For GPRS support with OpenBTS, please use the transceiver supplied with OpenBTS.

Source code

The source code is available from git.osmocom.org (module osmo-trx).

Public read-only access is available via
git clone git://git.osmocom.org/osmo-trx
You can browse it via cgit: http://cgit.osmocom.org/cgit/osmo-trx/

Configuration and Build

The only package dependency is the Universal Hardware Driver (UHD), which is available from Ettus Research or Fairwaves depending on the device. Please note that the UHD implementation must match hardware (i.e. Ettus Research UHD for USRP devices and Fairwaves UHD with UmTRX). The one device that does not use the UHD driver is the USRP1, which is supported through the legacy libusrp driver provided in GNU Radio 3.4.2.
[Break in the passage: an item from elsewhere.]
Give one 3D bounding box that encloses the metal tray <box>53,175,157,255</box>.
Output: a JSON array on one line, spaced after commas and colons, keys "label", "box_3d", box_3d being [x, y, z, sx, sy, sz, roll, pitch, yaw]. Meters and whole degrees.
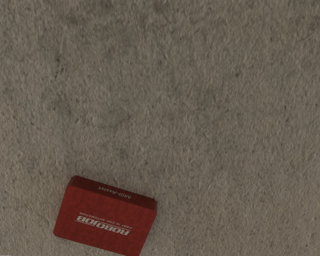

'''Intel Platforms (All)'''

Intel SSE support is automatically detected on Intel x86 platforms. No user intervention is necessary. The general configuration defaults to the low phase error modulator. Atom users may wish to use the low-CPU utilization modulator, which can be later enabled from the command line at runtime. {{{
$ ./configure
...
checking whether mmx is supported... yes
checking whether sse is supported... yes
checking whether sse2 is supported... yes
checking whether sse3 is supported... yes
checking whether ssse3 is supported... yes
checking whether sse4.1 is supported... yes
checking whether sse4.2 is supported... yes
...
}}}

'''ARM Platforms with NEON'''

Many popular ARM development boards fall under this category including PandaBoard, and Ettus E100 USRP. This option will disable the low phase error modulator, which can be re-enabled at runtime. NEON support must be manually enabled. {{{
$ ./configure --with-neon
}}}

'''ARM Platforms with NEON-VFPv4'''

Currently very few development platforms support this instruction set, which is seen mainly in high end smartphones and tablets. Available development boards are !ArndaleBoard and ODROID-XU. This option will disable the low phase error modulator, which can be re-enabled at runtime. NEON-VFPv4 support must be manually enabled. {{{
$ ./configure --with-neon-vfpv4
}}}

'''ARM Platforms without NEON'''

This configuration mainly targets the Raspberry Pi. ARM platforms without NEON vector units are almost always very slow processors, and generally not very suitable for running OsmoTRX. Running OsmoTRX on a Raspberry Pi, however, is possible along with limited TCH (voice) channel support. Currently this configuration requires minor code changes.

Coming soon...

'''Build and Install'''

After configuration, installation is simple.

{{{
$ make
$ sudo make install
}}}

Running

OsmoTRX can be configured with a variety of options on the command line. In most cases, the default settings will suffice. Notable options include UHD device argument passing, which is often useful for using network based devices with firewalls, and external 10 MHz reference support.

{{{
$ osmo-trx -h
linux; GNU C++ version 4.8.1 20130603 (Red Hat 4.8.1-1); Boost_105300; UHD_003.005.004-140-gfb32ed16

Options:
-h This text
-a UHD device args
-l Logging level (EMERG, ALERT, CRT, ERR, WARNING, NOTICE, INFO, DEBUG)
-i IP address of GSM core
-p Base port number
-d Enable dual channel diversity receiver
-x Enable external 10 MHz reference
-s Samples-per-symbol (1 or 4)
-c Number of ARFCN channels (default=1)
}}}

{{{
$ osmo-trx -a "addr=192.168.10.2"
linux; GNU C++ version 4.8.1 20130603 (Red Hat 4.8.1-1); Boost_105300; UHD_003.004.000-b14cde5

Config Settings
Log Level............... INFO
Device args............. addr=192.168.10.2
TRX Base Port........... 5700
TRX Address............. 127.0.0.1
Channels................ 1
Samples-per-Symbol...... 4
External Reference...... Disabled
Diversity............... Disabled

-- Opening a UmTRX device...
-- Current recv frame size: 1472 bytes
-- Current send frame size: 1472 bytes
-- Setting UmTRX 4 SPS
-- Transceiver active with 1 channel(s)
}}}

Benchmarks

A variety of performance benchmarks are available for various code optimizations. These include floating point - integer conversions, convolution, and convolutional decoding. Note that convolutional decoding does not take place in OsmoTRX, but one stop higher in the Layer 1 stack - either in OsmoBTS or OpenBTS core.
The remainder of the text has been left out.